> _Data for this exercise_
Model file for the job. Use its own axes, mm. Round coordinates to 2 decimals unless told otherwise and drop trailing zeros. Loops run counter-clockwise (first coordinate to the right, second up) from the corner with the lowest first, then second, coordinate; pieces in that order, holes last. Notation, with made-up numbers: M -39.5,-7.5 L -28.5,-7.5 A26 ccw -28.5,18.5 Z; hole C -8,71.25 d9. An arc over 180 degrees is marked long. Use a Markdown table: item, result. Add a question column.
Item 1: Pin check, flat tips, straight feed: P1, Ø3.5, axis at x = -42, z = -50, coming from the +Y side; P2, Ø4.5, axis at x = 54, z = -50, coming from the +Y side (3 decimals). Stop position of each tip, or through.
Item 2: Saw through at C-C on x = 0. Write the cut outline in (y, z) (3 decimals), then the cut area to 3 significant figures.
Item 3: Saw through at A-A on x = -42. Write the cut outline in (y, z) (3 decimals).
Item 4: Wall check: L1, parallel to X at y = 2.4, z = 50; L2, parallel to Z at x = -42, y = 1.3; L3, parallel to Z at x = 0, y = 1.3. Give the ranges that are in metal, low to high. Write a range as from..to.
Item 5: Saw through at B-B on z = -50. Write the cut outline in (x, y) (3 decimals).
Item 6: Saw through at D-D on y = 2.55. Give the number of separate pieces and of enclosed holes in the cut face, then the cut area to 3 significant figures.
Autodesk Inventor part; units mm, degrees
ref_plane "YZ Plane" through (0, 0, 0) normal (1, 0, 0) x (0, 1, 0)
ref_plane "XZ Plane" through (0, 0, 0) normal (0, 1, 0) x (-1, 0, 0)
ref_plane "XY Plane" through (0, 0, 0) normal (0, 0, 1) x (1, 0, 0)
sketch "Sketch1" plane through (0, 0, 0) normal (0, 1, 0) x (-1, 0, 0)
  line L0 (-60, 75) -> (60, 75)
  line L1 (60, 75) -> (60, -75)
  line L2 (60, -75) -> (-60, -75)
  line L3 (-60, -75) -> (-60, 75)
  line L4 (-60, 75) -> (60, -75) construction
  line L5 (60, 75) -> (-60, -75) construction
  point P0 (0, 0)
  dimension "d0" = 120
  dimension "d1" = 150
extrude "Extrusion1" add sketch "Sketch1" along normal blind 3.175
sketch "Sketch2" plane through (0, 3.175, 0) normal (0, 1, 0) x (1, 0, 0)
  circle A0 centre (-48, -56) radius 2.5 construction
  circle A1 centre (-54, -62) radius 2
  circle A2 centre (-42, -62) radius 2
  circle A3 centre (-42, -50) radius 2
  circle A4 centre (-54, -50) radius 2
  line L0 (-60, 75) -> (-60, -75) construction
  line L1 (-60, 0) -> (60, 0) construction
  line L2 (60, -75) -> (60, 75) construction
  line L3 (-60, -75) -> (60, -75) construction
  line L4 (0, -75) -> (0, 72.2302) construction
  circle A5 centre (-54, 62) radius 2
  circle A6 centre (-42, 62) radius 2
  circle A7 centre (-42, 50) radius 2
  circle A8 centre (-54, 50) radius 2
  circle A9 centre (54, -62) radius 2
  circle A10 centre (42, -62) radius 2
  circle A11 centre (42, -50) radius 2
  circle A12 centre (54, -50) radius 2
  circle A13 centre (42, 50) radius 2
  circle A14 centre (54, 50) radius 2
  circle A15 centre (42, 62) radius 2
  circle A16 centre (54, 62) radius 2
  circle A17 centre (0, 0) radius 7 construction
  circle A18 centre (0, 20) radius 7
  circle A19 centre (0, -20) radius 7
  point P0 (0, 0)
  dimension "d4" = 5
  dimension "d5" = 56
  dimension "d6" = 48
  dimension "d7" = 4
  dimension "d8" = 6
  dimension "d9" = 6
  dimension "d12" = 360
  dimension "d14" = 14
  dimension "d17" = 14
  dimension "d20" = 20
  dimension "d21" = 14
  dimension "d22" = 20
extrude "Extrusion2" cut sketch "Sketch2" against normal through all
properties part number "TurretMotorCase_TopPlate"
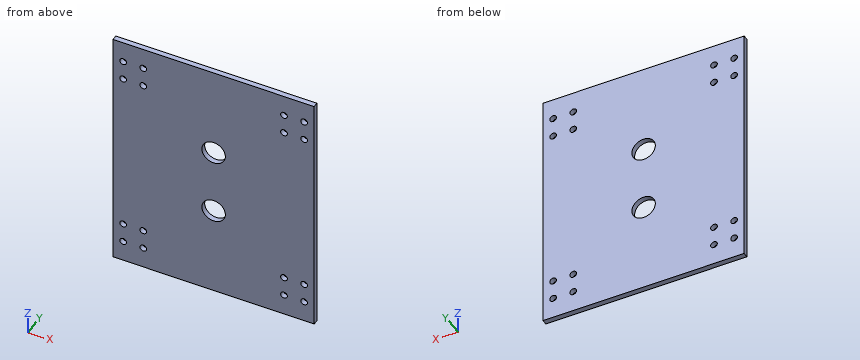
Entries:
| question | item | result |
|---|---|---|
| 1 | P1 | through |
| 1 | P2 | y = 3.175 |
| 2 | outline | M 0,-75 L 3.175,-75 L 3.175,-27 L 0,-27 Z; M 0,-13 L 3.175,-13 L 3.175,13 L 0,13 Z; M 0,27 L 3.175,27 L 3.175,75 L 0,75 Z |
| 2 | area | 387 mm2 |
| 3 | outline | M 0,-75 L 3.175,-75 L 3.175,-64 L 0,-64 Z; M 0,-60 L 3.175,-60 L 3.175,-52 L 0,-52 Z; M 0,-48 L 3.175,-48 L 3.175,48 L 0,48 Z; M 0,52 L 3.175,52 L 3.175,60 L 0,60 Z; M 0,64 L 3.175,64 L 3.175,75 L 0,75 Z |
| 4 | L1 | -60..-56, -52..-44, -40..40, 44..52, 56..60 |
| 4 | L2 | -75..-64, -60..-52, -48..48, 52..60, 64..75 |
| 4 | L3 | -75..-27, -13..13, 27..75 |
| 5 | outline | M -60,0 L -56,0 L -56,3.175 L -60,3.175 Z; M -52,0 L -44,0 L -44,3.175 L -52,3.175 Z; M -40,0 L 40,0 L 40,3.175 L -40,3.175 Z; M 44,0 L 52,0 L 52,3.175 L 44,3.175 Z; M 56,0 L 60,0 L 60,3.175 L 56,3.175 Z |
| 6 | separate pieces | 1 |
| 6 | enclosed holes | 18 |
| 6 | area | 17,500 mm2 |

> _Required action_
Set the pictures aside and repeat only the lines from the one containing "line L4 (0, -75)" through the last line of the entries above, exactly as they stand.

> _Answer section_
  line L4 (0, -75) -> (0, 72.2302) construction
  circle A5 centre (-54, 62) radius 2
  circle A6 centre (-42, 62) radius 2
  circle A7 centre (-42, 50) radius 2
  circle A8 centre (-54, 50) radius 2
  circle A9 centre (54, -62) radius 2
  circle A10 centre (42, -62) radius 2
  circle A11 centre (42, -50) radius 2
  circle A12 centre (54, -50) radius 2
  circle A13 centre (42, 50) radius 2
  circle A14 centre (54, 50) radius 2
  circle A15 centre (42, 62) radius 2
  circle A16 centre (54, 62) radius 2
  circle A17 centre (0, 0) radius 7 construction
  circle A18 centre (0, 20) radius 7
  circle A19 centre (0, -20) radius 7
  point P0 (0, 0)
  dimension "d4" = 5
  dimension "d5" = 56
  dimension "d6" = 48
  dimension "d7" = 4
  dimension "d8" = 6
  dimension "d9" = 6
  dimension "d12" = 360
  dimension "d14" = 14
  dimension "d17" = 14
  dimension "d20" = 20
  dimension "d21" = 14
  dimension "d22" = 20
extrude "Extrusion2" cut sketch "Sketch2" against normal through all
properties part number "TurretMotorCase_TopPlate"
Entries:
| question | item | result |
|---|---|---|
| 1 | P1 | through |
| 1 | P2 | y = 3.175 |
| 2 | outline | M 0,-75 L 3.175,-75 L 3.175,-27 L 0,-27 Z; M 0,-13 L 3.175,-13 L 3.175,13 L 0,13 Z; M 0,27 L 3.175,27 L 3.175,75 L 0,75 Z |
| 2 | area | 387 mm2 |
| 3 | outline | M 0,-75 L 3.175,-75 L 3.175,-64 L 0,-64 Z; M 0,-60 L 3.175,-60 L 3.175,-52 L 0,-52 Z; M 0,-48 L 3.175,-48 L 3.175,48 L 0,48 Z; M 0,52 L 3.175,52 L 3.175,60 L 0,60 Z; M 0,64 L 3.175,64 L 3.175,75 L 0,75 Z |
| 4 | L1 | -60..-56, -52..-44, -40..40, 44..52, 56..60 |
| 4 | L2 | -75..-64, -60..-52, -48..48, 52..60, 64..75 |
| 4 | L3 | -75..-27, -13..13, 27..75 |
| 5 | outline | M -60,0 L -56,0 L -56,3.175 L -60,3.175 Z; M -52,0 L -44,0 L -44,3.175 L -52,3.175 Z; M -40,0 L 40,0 L 40,3.175 L -40,3.175 Z; M 44,0 L 52,0 L 52,3.175 L 44,3.175 Z; M 56,0 L 60,0 L 60,3.175 L 56,3.175 Z |
| 6 | separate pieces | 1 |
| 6 | enclosed holes | 18 |
| 6 | area | 17,500 mm2 |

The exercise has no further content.